TASK OBJECTIVE
Exact copy, no pictures: return only the lines below from the line with "Order: by center depth, near to far." up to and including the line with "2) slip on shoe (16, 180, 166, 307)".

● ● ● ● ●

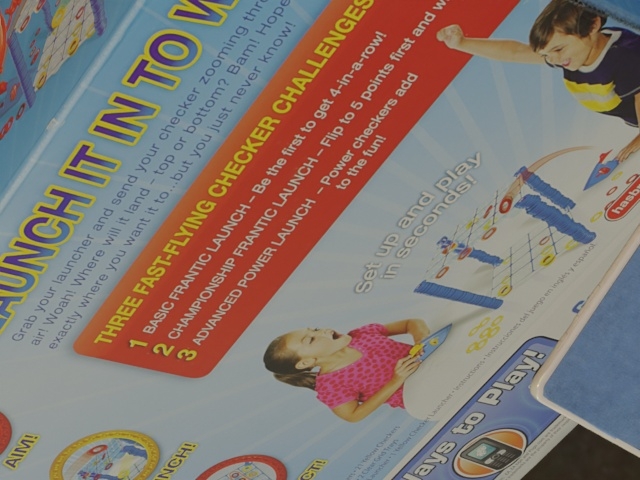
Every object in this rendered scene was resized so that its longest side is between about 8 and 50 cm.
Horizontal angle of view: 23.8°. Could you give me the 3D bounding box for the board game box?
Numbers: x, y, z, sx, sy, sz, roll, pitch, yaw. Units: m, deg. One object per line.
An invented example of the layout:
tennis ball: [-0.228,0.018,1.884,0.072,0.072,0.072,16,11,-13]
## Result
board game box: [0.000,0.000,0.587,0.302,0.086,0.308,17,126,-36]

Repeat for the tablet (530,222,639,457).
tablet: [0.086,0.010,0.320,0.054,0.006,0.083,29,98,-21]
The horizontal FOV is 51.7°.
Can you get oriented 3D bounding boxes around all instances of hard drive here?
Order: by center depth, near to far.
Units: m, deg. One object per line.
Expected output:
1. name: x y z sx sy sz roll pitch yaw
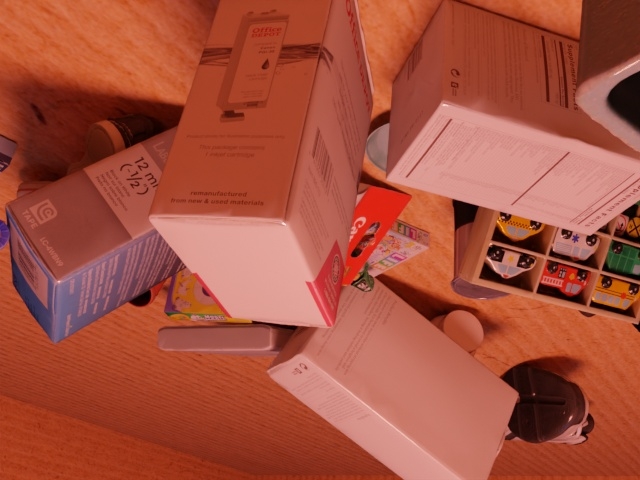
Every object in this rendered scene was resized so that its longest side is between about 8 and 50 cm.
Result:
1. hard drive: -0.128 0.206 1.331 0.233 0.047 0.353 -4 168 21

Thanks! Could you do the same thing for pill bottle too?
1. pill bottle: 0.241 0.204 1.287 0.108 0.108 0.180 12 151 -10

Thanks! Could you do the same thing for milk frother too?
1. milk frother: 0.231 -0.013 0.858 0.129 0.135 0.143 -4 150 18

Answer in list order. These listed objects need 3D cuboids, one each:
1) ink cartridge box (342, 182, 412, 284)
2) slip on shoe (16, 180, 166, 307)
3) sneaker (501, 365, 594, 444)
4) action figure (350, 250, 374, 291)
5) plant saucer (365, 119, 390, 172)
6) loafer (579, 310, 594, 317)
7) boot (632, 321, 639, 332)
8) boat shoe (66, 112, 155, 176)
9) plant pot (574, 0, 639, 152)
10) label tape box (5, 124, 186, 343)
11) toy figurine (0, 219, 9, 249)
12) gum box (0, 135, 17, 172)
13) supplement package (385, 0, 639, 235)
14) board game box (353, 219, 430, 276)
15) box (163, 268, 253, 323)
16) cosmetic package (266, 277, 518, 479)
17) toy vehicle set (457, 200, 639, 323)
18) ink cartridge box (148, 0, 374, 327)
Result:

● ● ● ● ●

EXERCISE RESPONSE
Order: by center depth, near to far.
Units: m, deg. One object per line.
Expected output:
1. name: x y z sx sy sz roll pitch yaw
Every object in this rendered scene was resized so that its longest side is between about 8 and 50 cm.
Result:
1. hard drive: -0.128 0.206 1.331 0.233 0.047 0.353 -4 168 21

Thanks! Could you do the same thing for pill bottle too?
1. pill bottle: 0.241 0.204 1.287 0.108 0.108 0.180 12 151 -10

Thanks! Could you do the same thing for milk frother too?
1. milk frother: 0.231 -0.013 0.858 0.129 0.135 0.143 -4 150 18

Answer in list order. These listed objects need 3D cuboids, one each:
1) ink cartridge box (342, 182, 412, 284)
2) slip on shoe (16, 180, 166, 307)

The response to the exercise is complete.